▼
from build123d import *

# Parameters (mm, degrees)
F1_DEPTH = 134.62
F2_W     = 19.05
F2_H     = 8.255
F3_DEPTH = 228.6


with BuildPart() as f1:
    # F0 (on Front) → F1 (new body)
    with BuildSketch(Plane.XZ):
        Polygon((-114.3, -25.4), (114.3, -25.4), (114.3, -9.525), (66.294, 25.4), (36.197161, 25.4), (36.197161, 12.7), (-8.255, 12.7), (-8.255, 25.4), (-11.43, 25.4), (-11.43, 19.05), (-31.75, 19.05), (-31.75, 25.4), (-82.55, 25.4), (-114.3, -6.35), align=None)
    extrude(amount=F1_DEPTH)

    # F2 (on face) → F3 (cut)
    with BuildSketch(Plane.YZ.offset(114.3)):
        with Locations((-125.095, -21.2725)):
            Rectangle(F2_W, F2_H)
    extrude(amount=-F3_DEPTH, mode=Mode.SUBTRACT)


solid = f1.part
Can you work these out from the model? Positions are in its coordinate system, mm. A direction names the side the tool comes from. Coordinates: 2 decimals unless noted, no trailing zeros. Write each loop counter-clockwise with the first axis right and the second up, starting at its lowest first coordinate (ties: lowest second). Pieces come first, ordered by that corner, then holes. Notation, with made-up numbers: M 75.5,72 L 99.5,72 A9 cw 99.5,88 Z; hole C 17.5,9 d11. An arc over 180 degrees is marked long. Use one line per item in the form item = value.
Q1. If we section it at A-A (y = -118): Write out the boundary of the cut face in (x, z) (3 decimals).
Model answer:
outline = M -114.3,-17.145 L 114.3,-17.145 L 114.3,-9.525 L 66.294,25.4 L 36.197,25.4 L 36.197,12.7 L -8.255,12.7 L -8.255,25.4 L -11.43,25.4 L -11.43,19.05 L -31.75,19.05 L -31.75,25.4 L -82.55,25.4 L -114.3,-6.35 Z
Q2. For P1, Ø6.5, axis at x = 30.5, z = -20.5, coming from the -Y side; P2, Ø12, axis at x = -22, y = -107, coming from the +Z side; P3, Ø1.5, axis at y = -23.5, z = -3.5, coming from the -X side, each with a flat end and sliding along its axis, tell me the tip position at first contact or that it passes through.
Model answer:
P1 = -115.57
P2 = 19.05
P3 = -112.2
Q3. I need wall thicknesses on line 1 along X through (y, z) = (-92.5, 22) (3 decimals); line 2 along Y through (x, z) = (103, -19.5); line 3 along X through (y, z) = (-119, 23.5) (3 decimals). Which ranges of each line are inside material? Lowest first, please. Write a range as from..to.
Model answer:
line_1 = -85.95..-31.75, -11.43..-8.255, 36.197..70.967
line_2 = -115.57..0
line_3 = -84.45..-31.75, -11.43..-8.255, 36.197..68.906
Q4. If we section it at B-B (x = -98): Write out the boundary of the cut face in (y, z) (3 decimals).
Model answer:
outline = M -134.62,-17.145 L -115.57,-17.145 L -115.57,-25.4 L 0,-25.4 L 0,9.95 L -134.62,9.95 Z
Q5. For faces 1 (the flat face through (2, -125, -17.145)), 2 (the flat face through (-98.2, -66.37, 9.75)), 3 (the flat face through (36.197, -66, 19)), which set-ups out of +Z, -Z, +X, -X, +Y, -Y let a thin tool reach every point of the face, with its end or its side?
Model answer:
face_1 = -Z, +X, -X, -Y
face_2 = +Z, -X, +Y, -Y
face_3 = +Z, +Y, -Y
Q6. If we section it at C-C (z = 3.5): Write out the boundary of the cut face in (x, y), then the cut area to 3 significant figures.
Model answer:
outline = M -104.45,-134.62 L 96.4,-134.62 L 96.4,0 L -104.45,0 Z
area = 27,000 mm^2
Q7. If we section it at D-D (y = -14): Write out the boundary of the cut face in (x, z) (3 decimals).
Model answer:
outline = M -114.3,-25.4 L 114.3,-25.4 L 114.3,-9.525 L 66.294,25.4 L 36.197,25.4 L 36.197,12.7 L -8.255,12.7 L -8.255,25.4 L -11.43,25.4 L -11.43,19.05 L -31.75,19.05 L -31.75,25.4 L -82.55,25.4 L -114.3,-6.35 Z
▲
#### [Assignment]
When answering, write out each of the lines above exactly as given.

#### [Answer section]
from build123d import *

# Parameters (mm, degrees)
F1_DEPTH = 134.62
F2_W     = 19.05
F2_H     = 8.255
F3_DEPTH = 228.6


with BuildPart() as f1:
    # F0 (on Front) → F1 (new body)
    with BuildSketch(Plane.XZ):
        Polygon((-114.3, -25.4), (114.3, -25.4), (114.3, -9.525), (66.294, 25.4), (36.197161, 25.4), (36.197161, 12.7), (-8.255, 12.7), (-8.255, 25.4), (-11.43, 25.4), (-11.43, 19.05), (-31.75, 19.05), (-31.75, 25.4), (-82.55, 25.4), (-114.3, -6.35), align=None)
    extrude(amount=F1_DEPTH)

    # F2 (on face) → F3 (cut)
    with BuildSketch(Plane.YZ.offset(114.3)):
        with Locations((-125.095, -21.2725)):
            Rectangle(F2_W, F2_H)
    extrude(amount=-F3_DEPTH, mode=Mode.SUBTRACT)


solid = f1.part
Can you work these out from the model? Positions are in its coordinate system, mm. A direction names the side the tool comes from. Coordinates: 2 decimals unless noted, no trailing zeros. Write each loop counter-clockwise with the first axis right and the second up, starting at its lowest first coordinate (ties: lowest second). Pieces come first, ordered by that corner, then holes. Notation, with made-up numbers: M 75.5,72 L 99.5,72 A9 cw 99.5,88 Z; hole C 17.5,9 d11. An arc over 180 degrees is marked long. Use one line per item in the form item = value.
Q1. If we section it at A-A (y = -118): Write out the boundary of the cut face in (x, z) (3 decimals).
Model answer:
outline = M -114.3,-17.145 L 114.3,-17.145 L 114.3,-9.525 L 66.294,25.4 L 36.197,25.4 L 36.197,12.7 L -8.255,12.7 L -8.255,25.4 L -11.43,25.4 L -11.43,19.05 L -31.75,19.05 L -31.75,25.4 L -82.55,25.4 L -114.3,-6.35 Z
Q2. For P1, Ø6.5, axis at x = 30.5, z = -20.5, coming from the -Y side; P2, Ø12, axis at x = -22, y = -107, coming from the +Z side; P3, Ø1.5, axis at y = -23.5, z = -3.5, coming from the -X side, each with a flat end and sliding along its axis, tell me the tip position at first contact or that it passes through.
Model answer:
P1 = -115.57
P2 = 19.05
P3 = -112.2
Q3. I need wall thicknesses on line 1 along X through (y, z) = (-92.5, 22) (3 decimals); line 2 along Y through (x, z) = (103, -19.5); line 3 along X through (y, z) = (-119, 23.5) (3 decimals). Which ranges of each line are inside material? Lowest first, please. Write a range as from..to.
Model answer:
line_1 = -85.95..-31.75, -11.43..-8.255, 36.197..70.967
line_2 = -115.57..0
line_3 = -84.45..-31.75, -11.43..-8.255, 36.197..68.906
Q4. If we section it at B-B (x = -98): Write out the boundary of the cut face in (y, z) (3 decimals).
Model answer:
outline = M -134.62,-17.145 L -115.57,-17.145 L -115.57,-25.4 L 0,-25.4 L 0,9.95 L -134.62,9.95 Z
Q5. For faces 1 (the flat face through (2, -125, -17.145)), 2 (the flat face through (-98.2, -66.37, 9.75)), 3 (the flat face through (36.197, -66, 19)), which set-ups out of +Z, -Z, +X, -X, +Y, -Y let a thin tool reach every point of the face, with its end or its side?
Model answer:
face_1 = -Z, +X, -X, -Y
face_2 = +Z, -X, +Y, -Y
face_3 = +Z, +Y, -Y
Q6. If we section it at C-C (z = 3.5): Write out the boundary of the cut face in (x, y), then the cut area to 3 significant figures.
Model answer:
outline = M -104.45,-134.62 L 96.4,-134.62 L 96.4,0 L -104.45,0 Z
area = 27,000 mm^2
Q7. If we section it at D-D (y = -14): Write out the boundary of the cut face in (x, z) (3 decimals).
Model answer:
outline = M -114.3,-25.4 L 114.3,-25.4 L 114.3,-9.525 L 66.294,25.4 L 36.197,25.4 L 36.197,12.7 L -8.255,12.7 L -8.255,25.4 L -11.43,25.4 L -11.43,19.05 L -31.75,19.05 L -31.75,25.4 L -82.55,25.4 L -114.3,-6.35 Z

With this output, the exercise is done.